A copy of the GWAS experiment with the new phenotypes in gwas[["fam"]][["affected"]].

References

Inspired from GCTA simulation tool: http://cnsgenomics.com/software/gcta/Simu.html.

Examples

gi <- get_GI_network(minigwas, snpMapping = minisnpMapping, ppi = minippi)
causal <- simulate_causal_snps(gi, ngenes = 2)
simulate_phenotype(minigwas, causal, h2 = 1)

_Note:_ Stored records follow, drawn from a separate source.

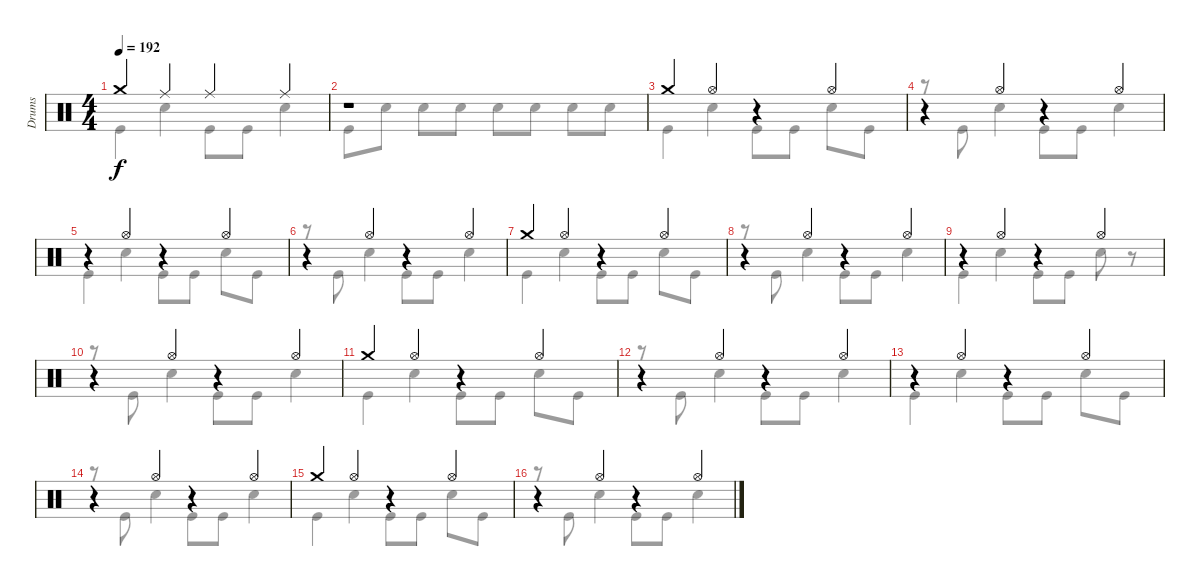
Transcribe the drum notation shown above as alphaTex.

\track ("Drums" "Drums") {instrument percussion}
\staff {score}
\articulation defaults
\voice
\ts (4 4)
\tempo 192
\clef neutral
\ks c "Crash medium (hit)".4{dy f} "Ride (middle)".4 "Ride (middle)".4 "Ride (middle)".4
|
r.1 |
"Crash medium (hit)".4 "Hi-Hat (open)".4 r.4 "Hi-Hat (open)".4 |
r.4 "Hi-Hat (open)".4 r.4 "Hi-Hat (open)".4 |
r.4 "Hi-Hat (open)".4 r.4 "Hi-Hat (open)".4 |
r.4 "Hi-Hat (open)".4 r.4 "Hi-Hat (open)".4 |
"Crash medium (hit)".4 "Hi-Hat (open)".4 r.4 "Hi-Hat (open)".4 |
r.4 "Hi-Hat (open)".4 r.4 "Hi-Hat (open)".4 |
r.4 "Hi-Hat (open)".4 r.4 "Hi-Hat (open)".4 |
r.4 "Hi-Hat (open)".4 r.4 "Hi-Hat (open)".4 |
"Crash medium (hit)".4 "Hi-Hat (open)".4 r.4 "Hi-Hat (open)".4 |
r.4 "Hi-Hat (open)".4 r.4 "Hi-Hat (open)".4 |
r.4 "Hi-Hat (open)".4 r.4 "Hi-Hat (open)".4 |
r.4 "Hi-Hat (open)".4 r.4 "Hi-Hat (open)".4 |
"Crash medium (hit)".4 "Hi-Hat (open)".4 r.4 "Hi-Hat (open)".4 |
r.4 "Hi-Hat (open)".4 r.4 "Hi-Hat (open)".4
\voice
\clef neutral
\ottava regular
\simile none
\ks c "Kick (hit)".4{dy f} "Snare (hit) 2".4 "Kick (hit)".8 "Kick (hit)".8 "Snare (hit) 2".4
|
"Kick (hit)".8 "Snare (hit) 2".8 "Snare (hit) 2".8 "Snare (hit) 2".8 "Snare (hit) 2".8 "Snare (hit) 2".8 "Snare (hit) 2".8 "Snare (hit) 2".8 |
"Kick (hit)".4 "Snare (hit) 2".4 "Kick (hit)".8 "Kick (hit)".8 "Snare (hit) 2".8 "Kick (hit)".8 |
r.8 "Kick (hit)".8 "Snare (hit) 2".4 "Kick (hit)".8 "Kick (hit)".8 "Snare (hit) 2".4 |
"Kick (hit)".4 "Snare (hit) 2".4 "Kick (hit)".8 "Kick (hit)".8 "Snare (hit) 2".8 "Kick (hit)".8 |
r.8 "Kick (hit)".8 "Snare (hit) 2".4 "Kick (hit)".8 "Kick (hit)".8 "Snare (hit) 2".4 |
"Kick (hit)".4 "Snare (hit) 2".4 "Kick (hit)".8 "Kick (hit)".8 "Snare (hit) 2".8 "Kick (hit)".8 |
r.8 "Kick (hit)".8 "Snare (hit) 2".4 "Kick (hit)".8 "Kick (hit)".8 "Snare (hit) 2".4 |
"Kick (hit)".4 "Snare (hit) 2".4 "Kick (hit)".8 "Kick (hit)".8 "Snare (hit) 2".8 r.8 |
r.8 "Kick (hit)".8 "Snare (hit) 2".4 "Kick (hit)".8 "Kick (hit)".8 "Snare (hit) 2".4 |
"Kick (hit)".4 "Snare (hit) 2".4 "Kick (hit)".8 "Kick (hit)".8 "Snare (hit) 2".8 "Kick (hit)".8 |
r.8 "Kick (hit)".8 "Snare (hit) 2".4 "Kick (hit)".8 "Kick (hit)".8 "Snare (hit) 2".4 |
"Kick (hit)".4 "Snare (hit) 2".4 "Kick (hit)".8 "Kick (hit)".8 "Snare (hit) 2".8 "Kick (hit)".8 |
r.8 "Kick (hit)".8 "Snare (hit) 2".4 "Kick (hit)".8 "Kick (hit)".8 "Snare (hit) 2".4 |
"Kick (hit)".4 "Snare (hit) 2".4 "Kick (hit)".8 "Kick (hit)".8 "Snare (hit) 2".8 "Kick (hit)".8 |
r.8 "Kick (hit)".8 "Snare (hit) 2".4 "Kick (hit)".8 "Kick (hit)".8 "Snare (hit) 2".4

Vertices with an attribute

Description

Returns the nodes matching some condition.

Usage

subvert(net, attr, values, affirmative = TRUE)

Arguments

net

An igraph network.

attr

An attribute of the vertices.

values

Possible values of attr

affirmative

Logical. States if a condition must be its affirmation (e.g. all nodes with gene name "X"), or its negation (all nodes not with gene name "X").

Value

The vertices with attribute equal to any of the values in values.

Examples

gi <- get_GI_network(minigwas, snpMapping = minisnpMapping, ppi = minippi)
martini:::subvert(gi, "gene", "A")
martini:::subvert(gi, "name", c("1A1", "1A3"))

Make pseudo SnpMatrix object

Description

Wrap design matrix and outcome vector into a pseudo SnpMatrix object.

Usage

wrap_Xy(X, y, featnames, net)

Arguments

X

n x d design matrix

y

Vector of length n with the outcomes

featnames

Vector of length d with the feature names

net

An igraph network that connects the SNPs.